The data of the storage engine is stored in Memory, so if the server restarts, the data will be lost, but the table structure will still exist.

Memory defaults to hash indexes, so queries are fast. Memory tables are table level locked, so concurrent write performance is low. Columns of type BLOB or TEXT are not supported, and the length of each row is fixed, so even if a VARCHar column is specified, the actual storage will be converted to char, resulting in a waste of memory.

If you need to use a temporary table to hold intermediate results during a mysql query, the internal temporary table is a Memory table. If the intermediate results are too large for the Memory table or contain BLOB or TEXT fields, the temporary table will be converted to a MyISAM table.

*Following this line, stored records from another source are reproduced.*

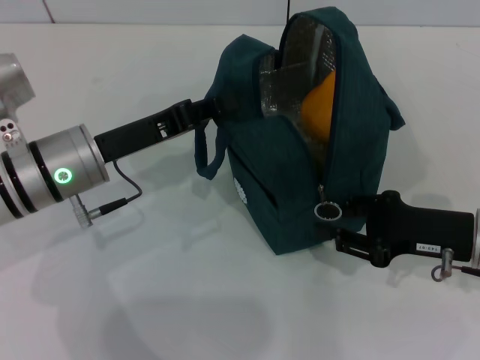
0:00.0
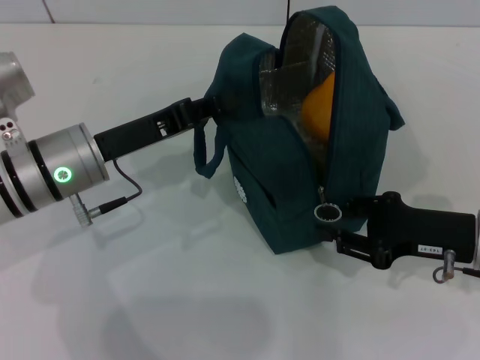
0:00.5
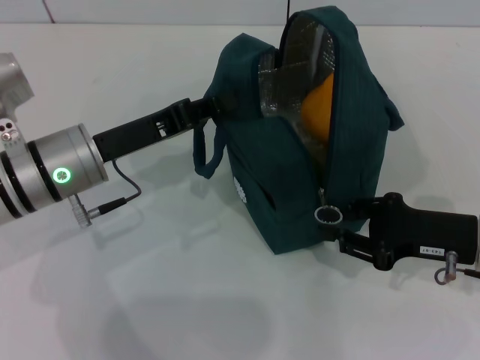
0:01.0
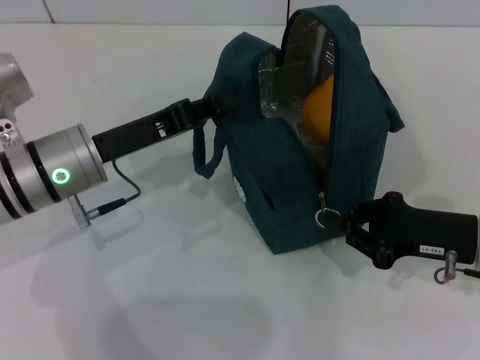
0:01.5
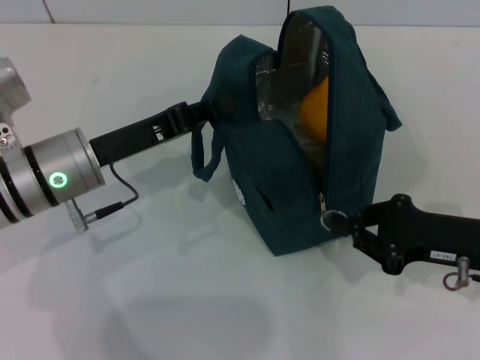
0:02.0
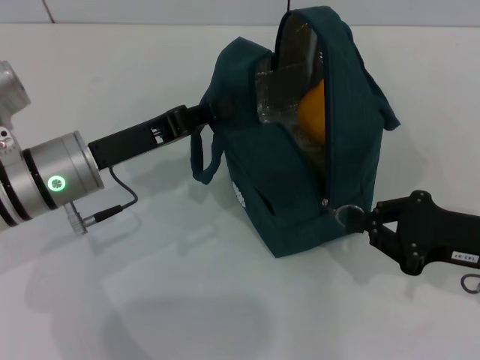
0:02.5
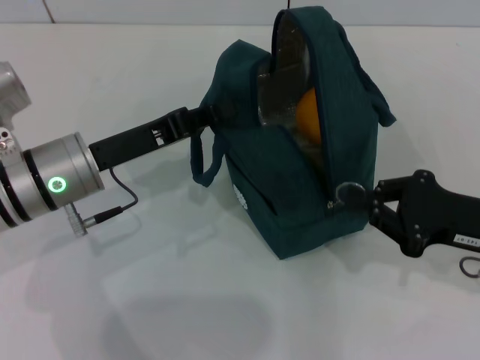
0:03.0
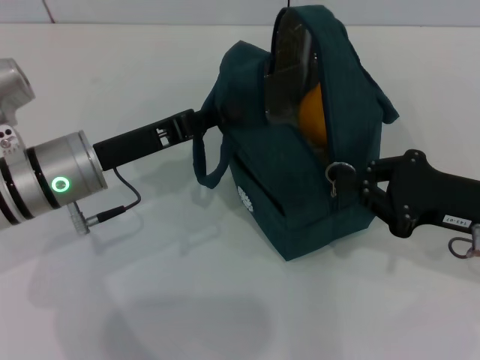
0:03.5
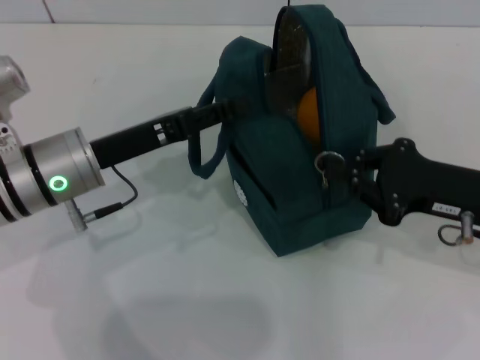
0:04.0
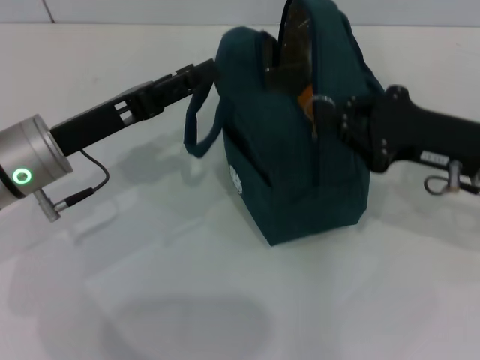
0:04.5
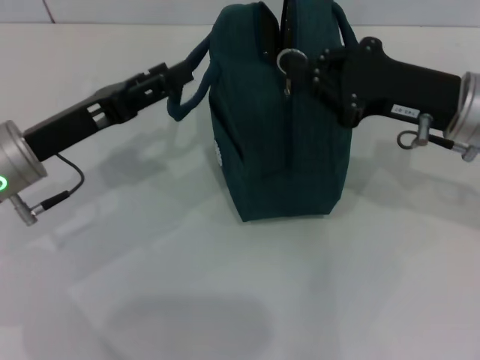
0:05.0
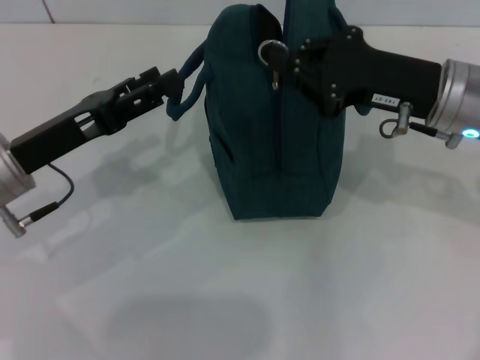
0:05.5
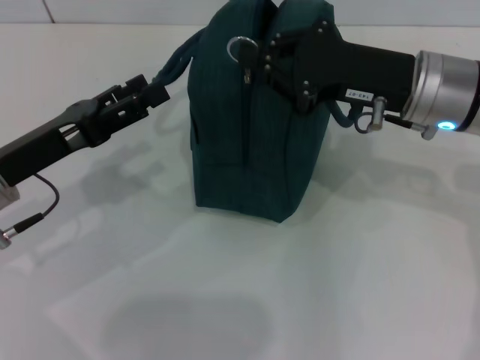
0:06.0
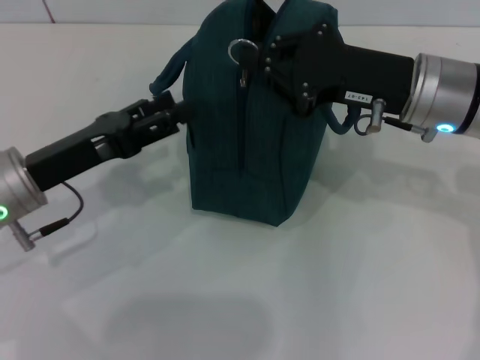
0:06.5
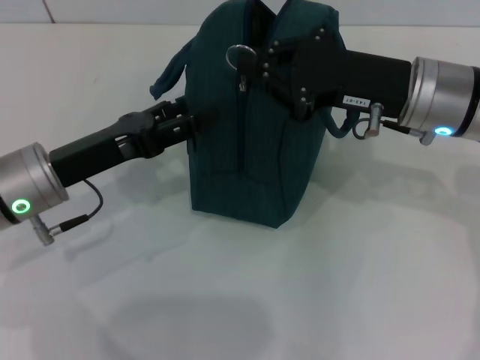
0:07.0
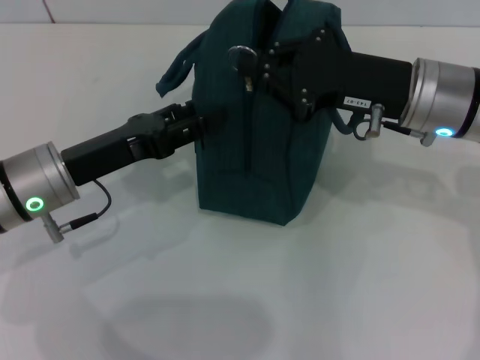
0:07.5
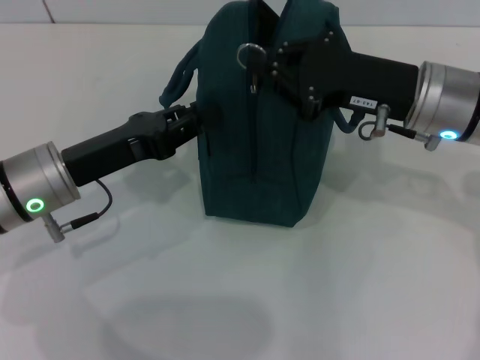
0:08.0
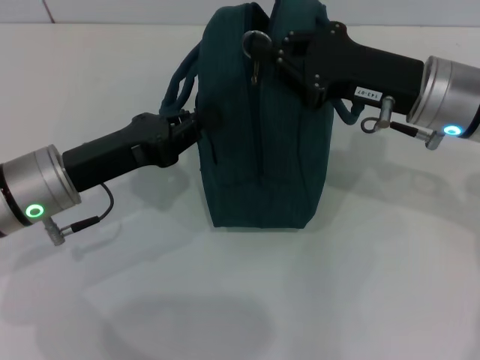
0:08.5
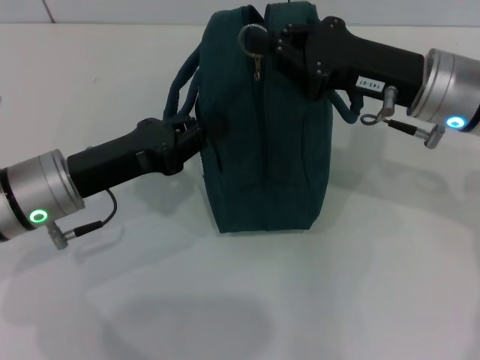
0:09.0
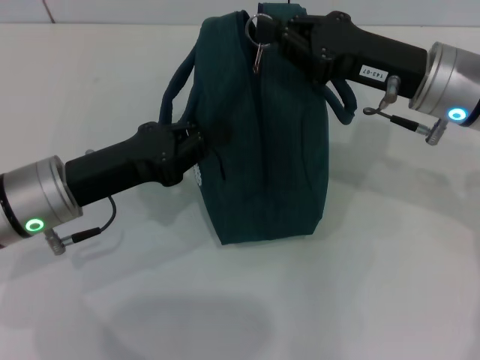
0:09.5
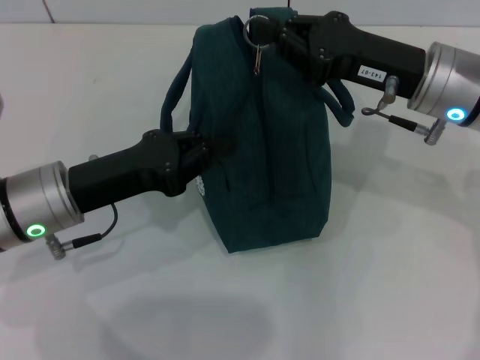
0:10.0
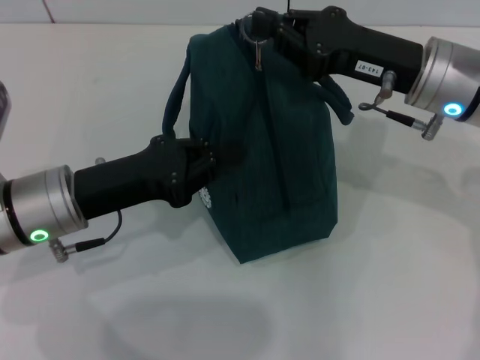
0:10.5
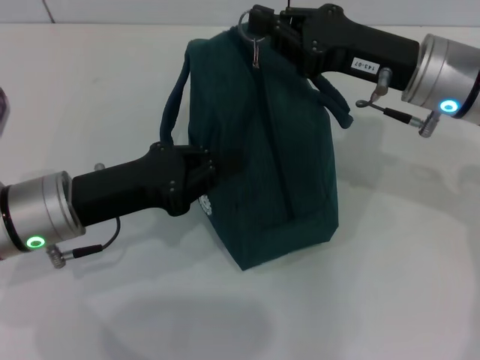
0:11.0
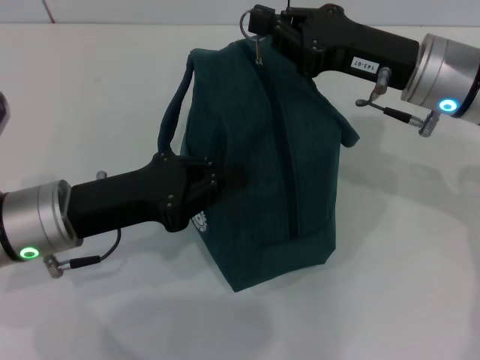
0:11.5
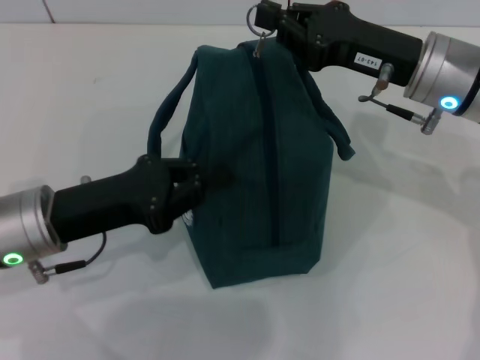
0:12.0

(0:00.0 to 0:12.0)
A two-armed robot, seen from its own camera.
Step, 0:00.0 - 0:04.5: Hold the lunch bag with your left hand.
0:00.0 - 0:02.0: The right gripper closes up.
0:02.0 - 0:04.0: The left gripper opens up.
0:04.0 - 0:06.0: The left gripper goes about 5 cm to the left, and opens its fingers. Meanwhile the right gripper is displaced to the left, forward and upward by roughly 10 cm.
0:06.0 - 0:08.0: The left gripper closes.
0:08.0 - 0:10.0: The left gripper closes.

How do you choose a storage engine?

  • Transactions: Currently only Innodb supports transactions perfectly.
  • Backup: Only Innodb has a free online hot backup solution, mysqldump is not an online hot backup solution, it requires locking the data.
  • Crash recovery: MyISAM has a much higher probability of data corruption due to system crashes than Innodb, and the recovery rate is not as fast as Innodb.
  • Specific features: If you need to cluster indexes, you need to choose InnoDB storage engine, if you need to use geospatial search, you need to choose MyisAM.

There are many storage engines for mysql, among which InnoDB is the most widely used and default storage engine. If there is no special requirement, InnoDB can be used by default.